Hormonal control of branching and flowering in Zantedeschia species : a thesis presented in partial fulfillment of the requirements for the degree of Doctor of Philosophy in Plant Physiology at Massey University, Palmerston North, New Zealand
Calla lilies (Zantedeschia sp. Family: Araceae) are perennial herbaceous geophytes, gaining commercial importance as a cut flower and potted flowering plant. Stimulating branching in Zantedeschia would equate to higher floral productivity via increasing tuber size/weight and/or via triggering the sympodial flowering cascade. Bud outgrowth is however controlled by an autonomous developmental programme, executed via different degrees of para- (apical dominance) and/or endodormancy.
Based on visual clues that represent underlying changes in the shoot apical meristem, the growth cycle of Zantedeschia was demarcated into three phases, which coincide with the transition of buds from apical dominance to endodormancy.
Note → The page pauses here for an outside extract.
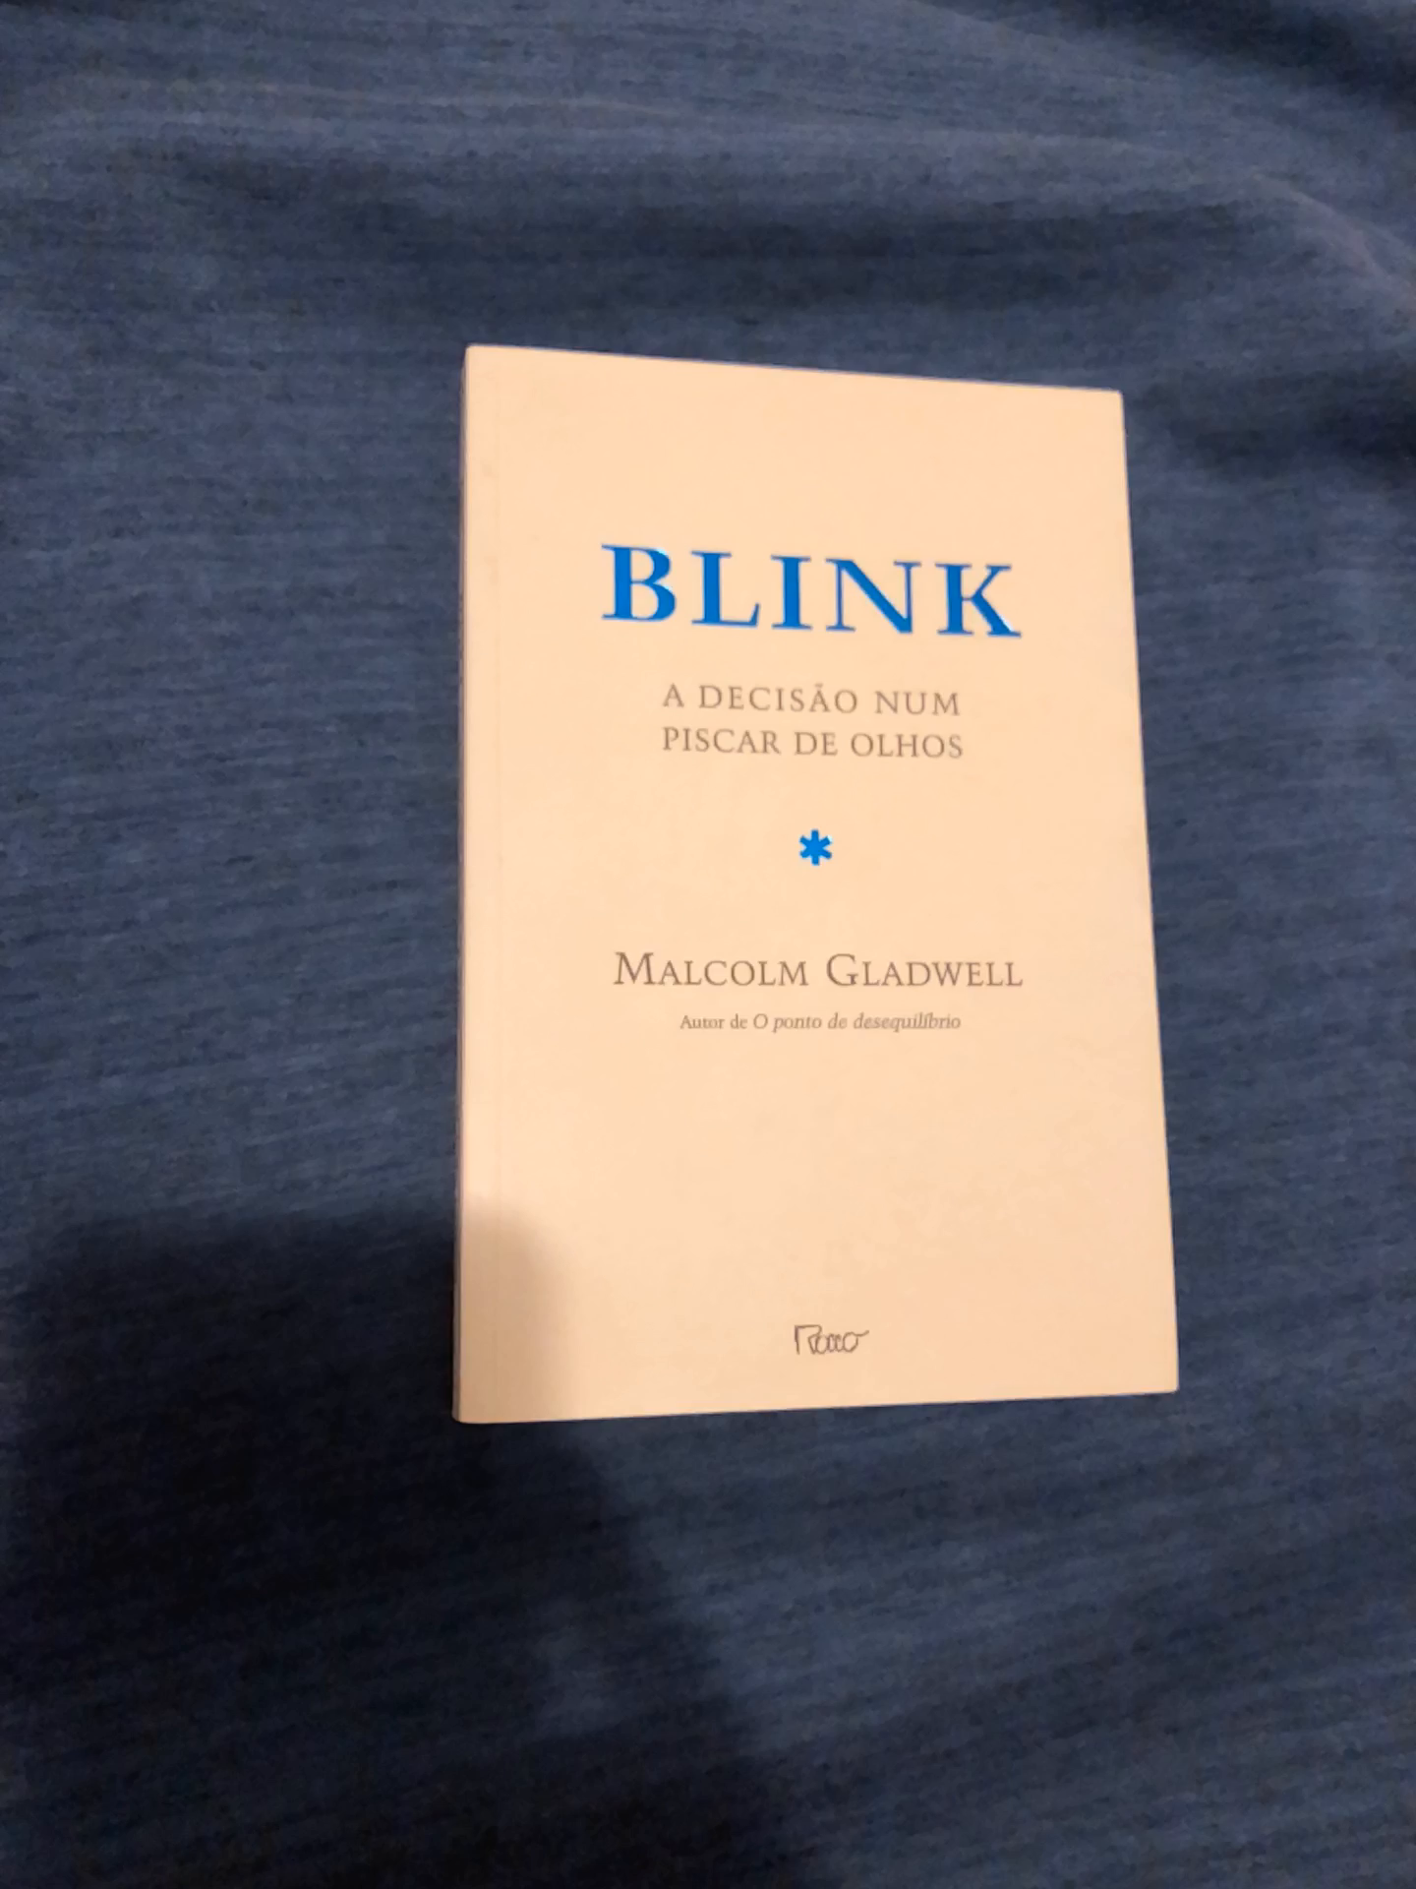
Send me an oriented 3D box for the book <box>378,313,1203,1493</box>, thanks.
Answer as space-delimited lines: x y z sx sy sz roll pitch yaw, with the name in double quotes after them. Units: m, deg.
0.012 -0.013 0.315 0.150 0.030 0.220 1 77 -12 "book"

Application of 6-benzylaminopurine (BAP; an aromatic cytokinin) was successful in stimulating branching in phase 1. This equated to an increase in tuber size/weight, which in turn resulted in increased floral productivity in the next growth cycle. . Efficacy of BAP alone to stimulate branching declined from phase 1 to phase 3, and the need for a sequential application of gibberellin (GA3) increased concomitantly. GA3 alone had no effect on branching. Efficacy of GA3 alone to stimulate flowering declined from phase 1 to phase 3, and the need for a sequential application of BAP increased concomitantly. BAP alone had no effect on flowering. Stimulation of branching and enhanced flowering achieved by the reciprocal cross-talk between cytokinin and gibberellin may have major commercial implications.
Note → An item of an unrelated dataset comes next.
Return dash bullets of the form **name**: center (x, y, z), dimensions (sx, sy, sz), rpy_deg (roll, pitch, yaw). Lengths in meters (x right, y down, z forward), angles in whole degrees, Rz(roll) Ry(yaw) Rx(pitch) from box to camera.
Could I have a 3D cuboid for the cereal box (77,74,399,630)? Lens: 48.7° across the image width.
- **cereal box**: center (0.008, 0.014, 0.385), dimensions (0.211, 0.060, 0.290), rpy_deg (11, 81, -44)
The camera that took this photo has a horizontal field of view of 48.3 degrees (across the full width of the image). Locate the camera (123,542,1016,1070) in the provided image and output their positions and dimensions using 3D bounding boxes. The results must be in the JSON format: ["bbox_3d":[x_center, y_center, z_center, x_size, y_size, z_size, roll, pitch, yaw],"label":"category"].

When applied with unlabelled BAP, a significant decline in the uptake of [8-14C] BAP ([8-14C] BAP + BAP) was observed in phase 3, resulting in a decline in radioactivity available in the buds and upper region of the tuber. With unlabelled GA3 ([8-14C] BAP + GA3) however, increased radioactivity was available in these parts in phase 3. Meta-topolin (mT) was identified as a metabolic product of BAP. Application of [8-14C] BAP + BAP resulted in a decline in the amount of mT from phase 1 to phase 3. However, application of [8-14C] BAP + GA3 resulted in an increase in the amount of mT in phase 3. mT and 6-benzylaminopurine riboside (BAR) were also identified in natural plants.
Further studies on branching control in phase 1 involving topolins and strigolactones, elucidating the mechanisms of cross-talk between cytokinin and gibberellin in phase 3, reevaluating the relationship between branching and floral productivity, and corroborating the common mechanisms between dormancy and flowering are recommended.